We uphold the contention of the Solicitor General for the following reason:
1. Section 44 (f) of the Judiciary Act of 1948 expressly confers original jurisdiction on the Courts of First Instance over all criminal cases, like the present, in which the penalty provided by law is imprisonment for more than six months, or a fine of more than two hundred pesos. And section 87 of the same Act also confers original jurisdiction on justices of the peace and judges of municipal courts of chartered cities over all criminal cases arising under the laws relating to assaults where the intent to kill is not charged or evident upon the trial. The serious physical injuries charged in the information resulted from such assault. There is no inconsistency in giving two courts concurrent jurisdiction over the same offenses. To construe section 87 (c) as conferring exclusive original jurisdiction on justice of the peace and judges of municipal courts over all criminal cases therein enumerated would be to nullify pro tanto section 44 (f) of the same Act. A statute must be so construed as to harmonize and give effect to all its provisions whenever possible. (Re-affirmed in the cases of People vs. Peñas and Ferrer et al., 86 Phil., 569 and People vs. Salvacion Colisio, 88 Phil., 196.)

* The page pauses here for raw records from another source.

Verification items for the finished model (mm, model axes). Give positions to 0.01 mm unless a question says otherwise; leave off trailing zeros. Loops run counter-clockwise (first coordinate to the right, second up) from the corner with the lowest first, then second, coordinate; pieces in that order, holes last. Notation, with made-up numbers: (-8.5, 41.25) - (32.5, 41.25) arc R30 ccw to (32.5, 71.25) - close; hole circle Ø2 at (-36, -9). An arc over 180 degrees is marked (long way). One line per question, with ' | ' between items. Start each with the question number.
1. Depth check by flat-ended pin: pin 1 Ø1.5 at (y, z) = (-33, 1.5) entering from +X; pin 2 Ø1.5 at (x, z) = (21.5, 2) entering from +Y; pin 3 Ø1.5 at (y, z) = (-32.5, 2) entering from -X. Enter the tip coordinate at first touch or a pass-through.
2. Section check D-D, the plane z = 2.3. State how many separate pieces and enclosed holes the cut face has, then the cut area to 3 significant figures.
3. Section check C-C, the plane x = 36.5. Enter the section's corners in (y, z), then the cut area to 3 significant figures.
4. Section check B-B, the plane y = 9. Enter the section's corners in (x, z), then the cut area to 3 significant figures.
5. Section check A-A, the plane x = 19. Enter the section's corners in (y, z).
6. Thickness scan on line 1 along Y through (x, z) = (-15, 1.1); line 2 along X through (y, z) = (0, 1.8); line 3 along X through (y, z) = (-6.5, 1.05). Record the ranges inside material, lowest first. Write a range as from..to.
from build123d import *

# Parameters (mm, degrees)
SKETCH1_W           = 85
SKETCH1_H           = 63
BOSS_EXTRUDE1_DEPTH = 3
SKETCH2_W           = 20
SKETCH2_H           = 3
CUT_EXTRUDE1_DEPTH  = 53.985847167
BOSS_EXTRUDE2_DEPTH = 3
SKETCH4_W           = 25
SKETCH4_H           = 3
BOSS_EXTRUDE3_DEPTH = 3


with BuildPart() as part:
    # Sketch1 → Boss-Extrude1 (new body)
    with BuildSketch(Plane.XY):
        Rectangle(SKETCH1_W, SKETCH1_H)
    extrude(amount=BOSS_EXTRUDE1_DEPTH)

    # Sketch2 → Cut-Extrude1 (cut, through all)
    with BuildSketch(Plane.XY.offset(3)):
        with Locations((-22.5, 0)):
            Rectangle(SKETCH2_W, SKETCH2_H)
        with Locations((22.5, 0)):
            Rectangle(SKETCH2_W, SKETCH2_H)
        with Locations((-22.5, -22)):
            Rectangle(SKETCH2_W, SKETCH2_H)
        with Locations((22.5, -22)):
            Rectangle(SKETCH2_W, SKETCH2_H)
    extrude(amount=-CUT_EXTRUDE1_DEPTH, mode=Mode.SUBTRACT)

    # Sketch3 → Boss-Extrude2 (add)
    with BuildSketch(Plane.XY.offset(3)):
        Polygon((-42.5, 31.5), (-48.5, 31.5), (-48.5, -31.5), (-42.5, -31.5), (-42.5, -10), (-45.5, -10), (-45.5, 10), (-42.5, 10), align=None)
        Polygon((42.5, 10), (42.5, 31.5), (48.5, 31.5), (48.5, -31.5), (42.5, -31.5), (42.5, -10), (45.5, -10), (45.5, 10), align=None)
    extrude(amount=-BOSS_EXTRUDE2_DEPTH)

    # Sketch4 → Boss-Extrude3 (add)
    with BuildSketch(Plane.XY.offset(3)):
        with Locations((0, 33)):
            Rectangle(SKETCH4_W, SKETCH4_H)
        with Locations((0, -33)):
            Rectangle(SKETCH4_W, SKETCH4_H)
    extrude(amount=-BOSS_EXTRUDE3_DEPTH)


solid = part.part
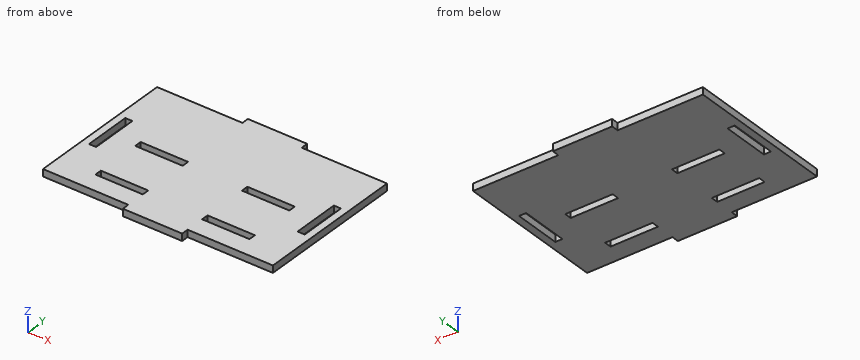
Results list:
1) pin 1: x = 12.5 | pin 2: y = 31.5 | pin 3: x = -12.5
2) separate pieces: 1 | enclosed holes: 6 | area: 5,900 mm²
3) outline: (-31.5, 0) - (31.5, 0) - (31.5, 3) - (-31.5, 3) - close | area: 189 mm²
4) outline: (-48.5, 0) - (-45.5, 0) - (-45.5, 3) - (-48.5, 3) - close; (-42.5, 0) - (42.5, 0) - (42.5, 3) - (-42.5, 3) - close; (45.5, 0) - (48.5, 0) - (48.5, 3) - (45.5, 3) - close | area: 273 mm²
5) outline: (-31.5, 0) - (-23.5, 0) - (-23.5, 3) - (-31.5, 3) - close; (-20.5, 0) - (-1.5, 0) - (-1.5, 3) - (-20.5, 3) - close; (1.5, 0) - (31.5, 0) - (31.5, 3) - (1.5, 3) - close
6) line 1: -31.5..-23.5, -20.5..-1.5, 1.5..31.5 | line 2: -48.5..-45.5, -42.5..-32.5, -12.5..12.5, 32.5..42.5, 45.5..48.5 | line 3: -48.5..-45.5, -42.5..42.5, 45.5..48.5

And while the justice of the peace court has such concurrent jurisdiction, it does not follow, as the trial court did, that the case should be returned to it for trial on the merits, to the exclusion of the court of first instance, because its prior assumption of jurisdiction was only for the purpose of preliminary investigation and not for trial on the merits. Thus, "It is said that when several courts have concurrent jurisdiction, the first court which acquires jurisdiction retains it to the exclusion of the others. This is a true principle, but in the present case the justice of the peace court acquired jurisdiction for the purpose of preliminary investigation and not for trial on the merits, for if by holding a preliminary investigation the Justice of the Peace necessarily acquires exclusive jurisdiction to try the case on the merits, the Court of First Instance would in fact and in effect be deprived of its concurrent jurisdiction on the merits in practically all cases of this kind." (Nenaria, et al., vs. Veluz, 91 Phil., 473.) (Emphasis supplied.) The action therefore of the lower court in returning the case to the justice of the peace for trial on the merits in the belief that the latter has exclusive jurisdiction over said case is not justified.
Wherefore, the order appealed from is revoked and the case is hereby remanded to the lower court for further proceedings, without pronouncement as to costs.
Pablo, Actg. C.J., Bengzon, Padilla, Montemayor, Labrador, Concepcion, and Reyes, J.B.L., JJ., concur.